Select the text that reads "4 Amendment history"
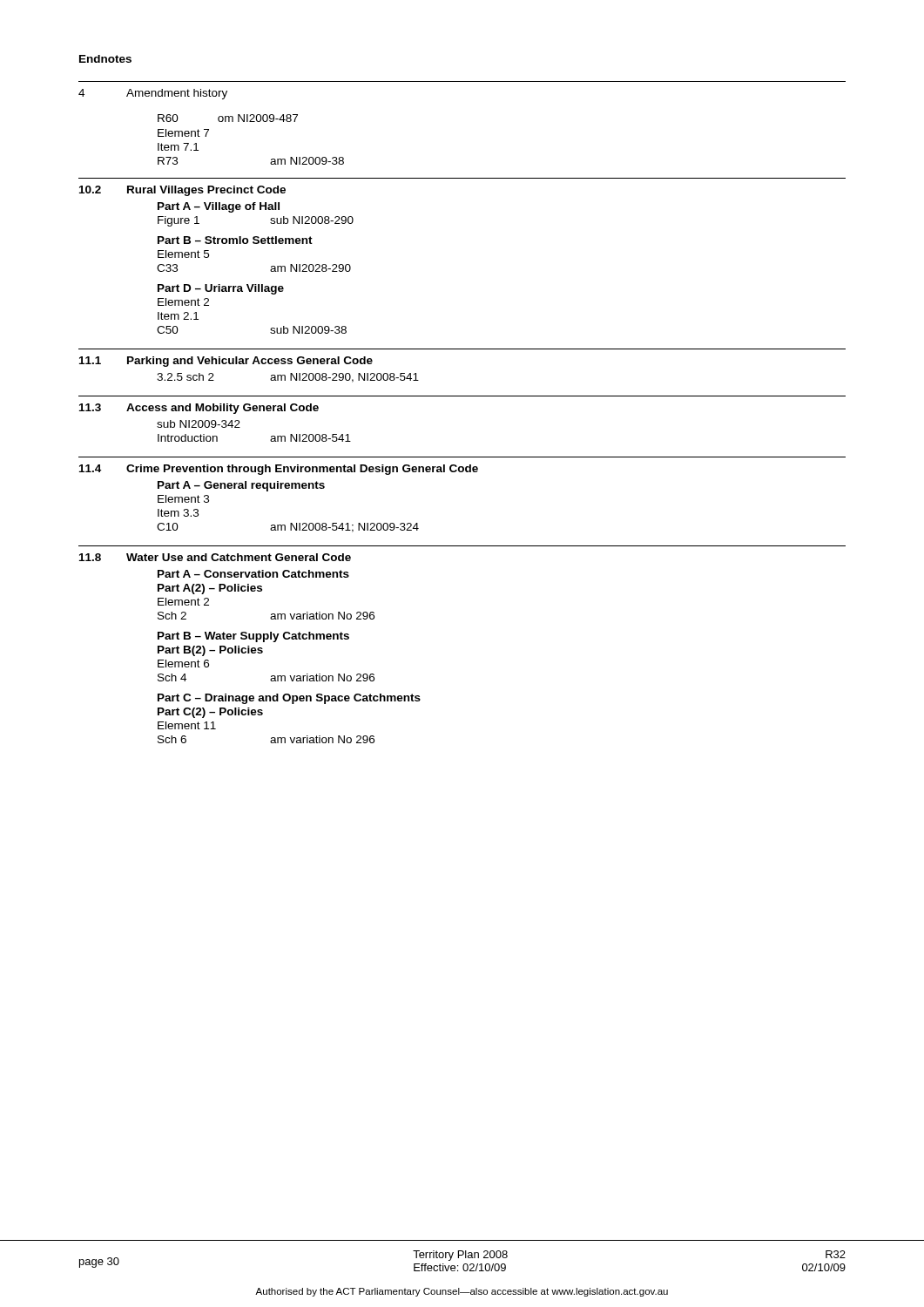924x1307 pixels. click(x=153, y=93)
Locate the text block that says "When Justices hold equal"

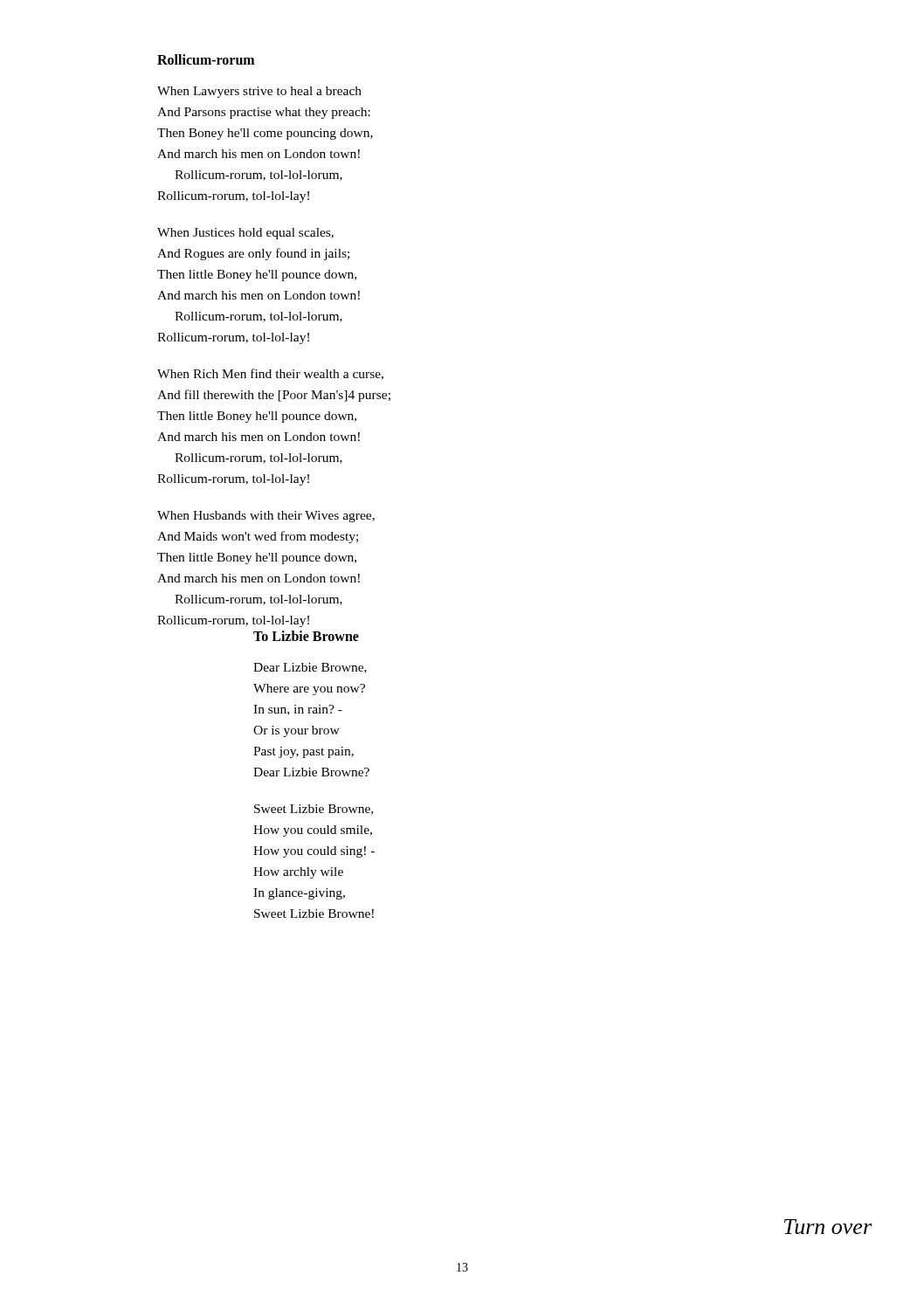click(259, 284)
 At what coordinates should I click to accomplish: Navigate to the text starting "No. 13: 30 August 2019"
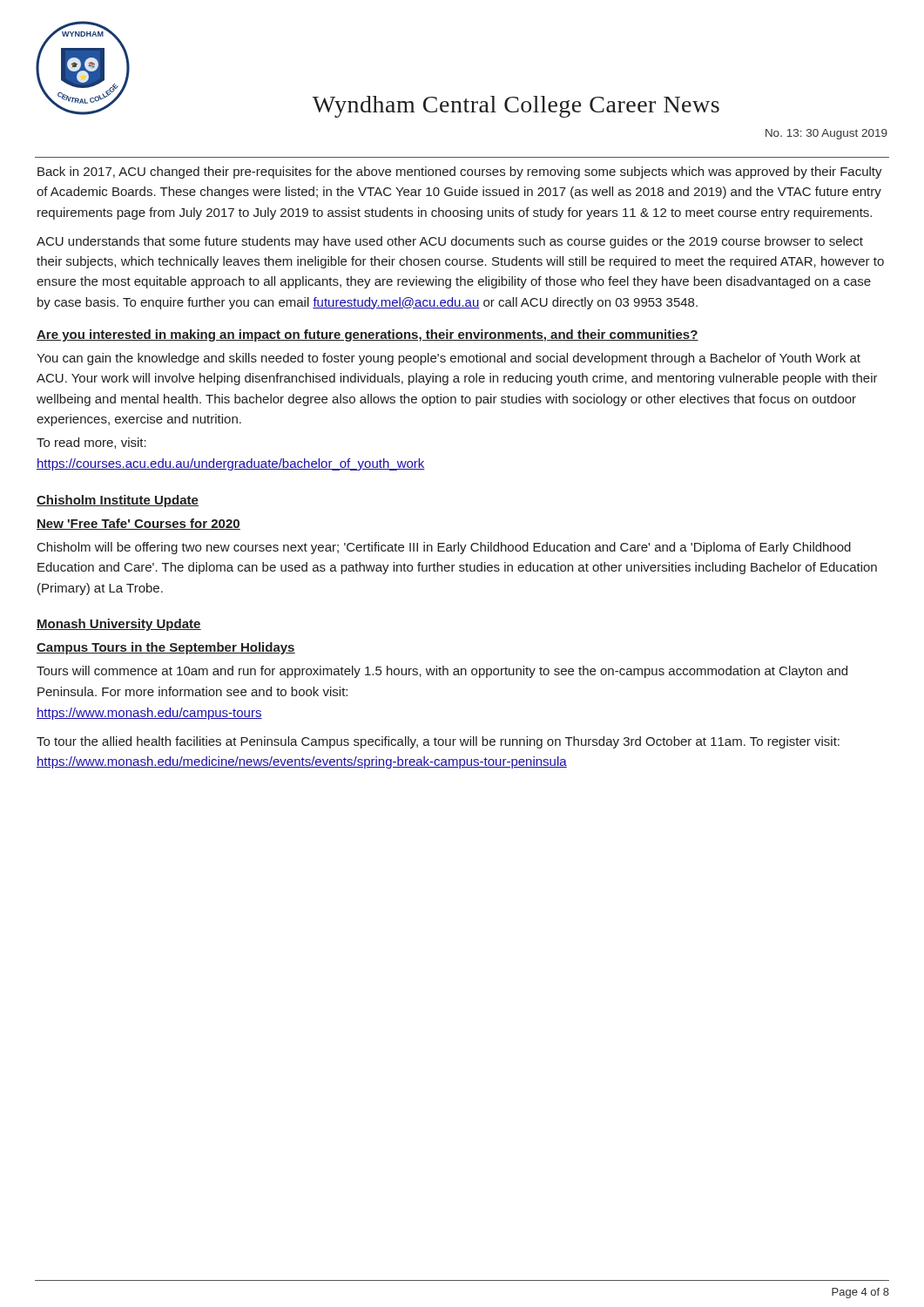826,133
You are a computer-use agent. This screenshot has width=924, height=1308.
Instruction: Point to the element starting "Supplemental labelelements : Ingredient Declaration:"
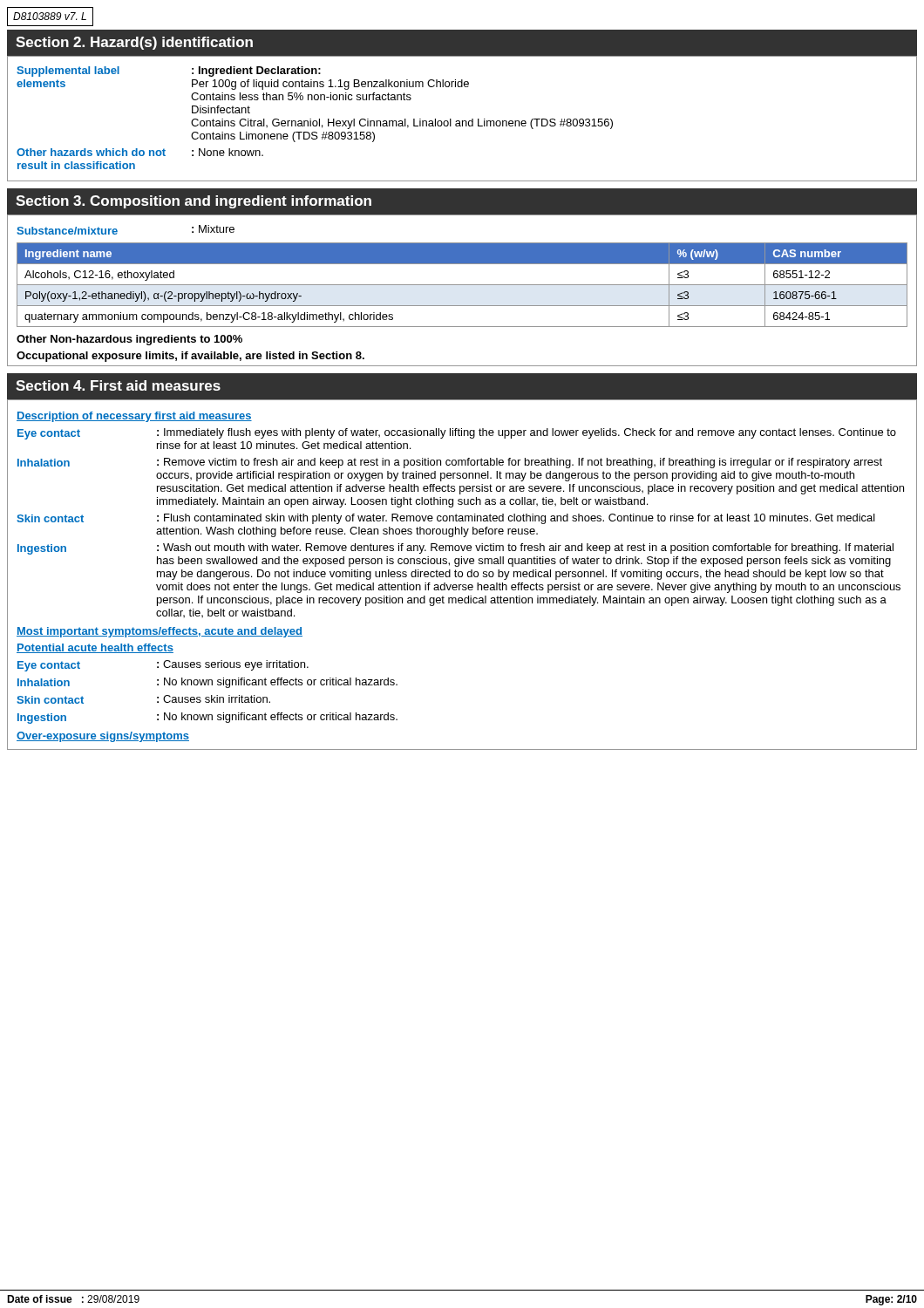[x=68, y=71]
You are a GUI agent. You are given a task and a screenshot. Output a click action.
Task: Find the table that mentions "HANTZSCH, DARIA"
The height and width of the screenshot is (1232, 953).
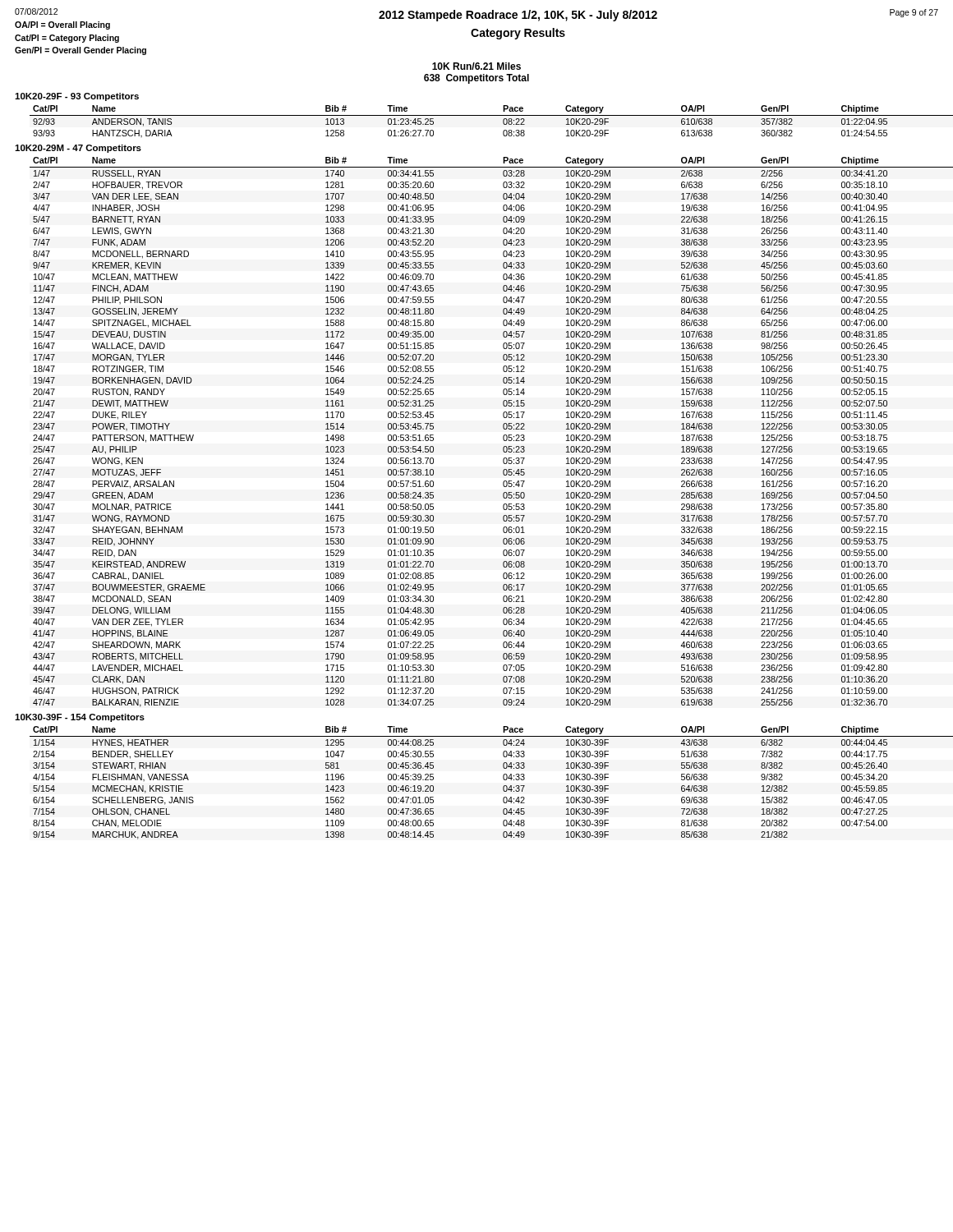tap(476, 120)
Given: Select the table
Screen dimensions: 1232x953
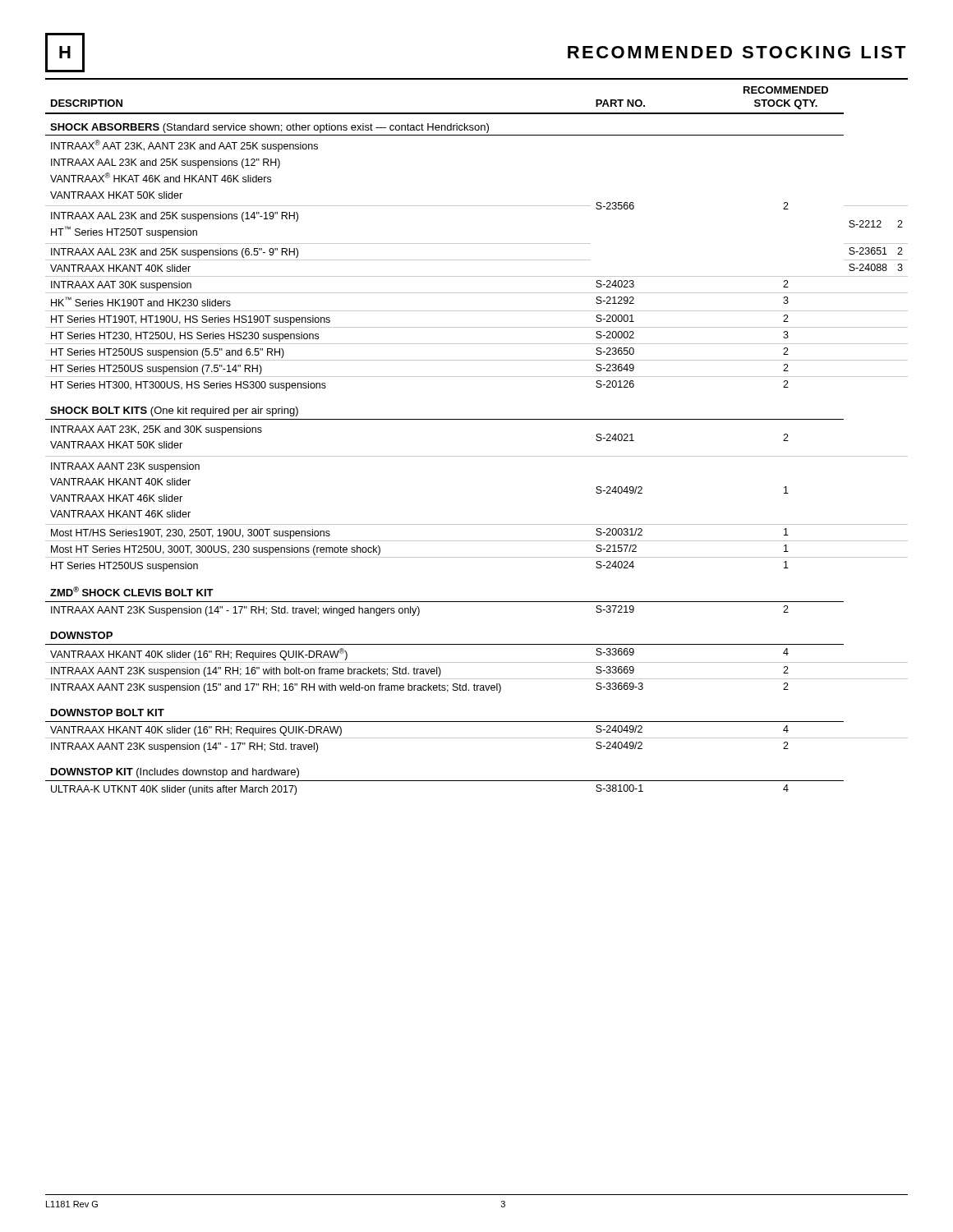Looking at the screenshot, I should [x=476, y=438].

========

Only the lines from the top of the records through the line with "You are a computer-use" belong in the copy; write them out exactly, leaving out pictures.

Select the text that reads "4 Amendment history"
924x1307 pixels. click(x=153, y=93)
Locate the text block that says "When Justices hold equal"

click(259, 284)
 At what coordinates should I click to accomplish: Navigate to the text starting "No. 13: 30 August 2019"
826,133
You are a computer-use agent. This screenshot has width=924, height=1308.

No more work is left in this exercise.